Faculty Chair, International Finance: Policy, Regulation, and Transactions
Nomura Professor of International Financial Systems, Emeritus
Hal S. Scott is the Emeritus Nomura Professor of International Financial Systems at Harvard Law School (HLS), where he taught from 1975-2018. His HLS courses were on Capital Markets Regulation, International Finance, the Payment System and Securities Regulation. He is currently an adjunct Professor of Public Policy at the Harvard Kennedy School of Government where he teaches Capital Market Regulation.
He has a B.A. from Princeton University (Woodrow Wilson School, 1965), an M.A. from Stanford University in Political Science (1967), and a J.D. from the University of Chicago Law School (1972). In 1974-1975, before joining Harvard, he clerked for Justice Byron White.
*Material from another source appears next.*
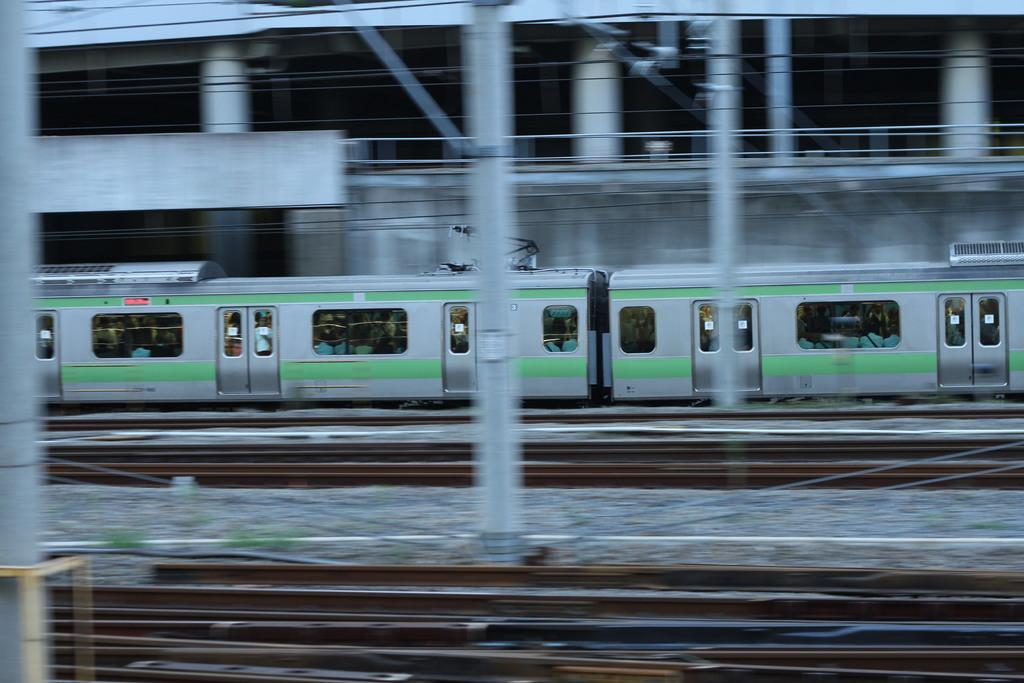How would you summarize this image in a sentence or two? In this image, there are groups of people in a train, which is on the railway track. There are poles and wires. In the background, I can see a building with pillars. 
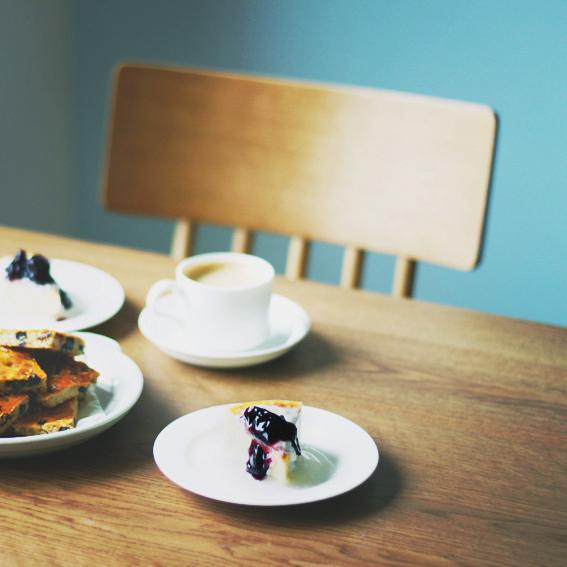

He is the Director of the Program on International Financial Systems (PIFS), founded in 1986, as part of Harvard Law School, which became independent in 2018. Besides doing research, the Program organizes the annual invitation-only U.S.-China, U.S.-Europe, and U.S.-Japan Symposia on Building the Financial System of the 21st Century, and special event roundtables. HLS is the non-financial sponsor or these events. In addition, PIFS partners with Executive Education at HLS in offering executive education for financial regulators.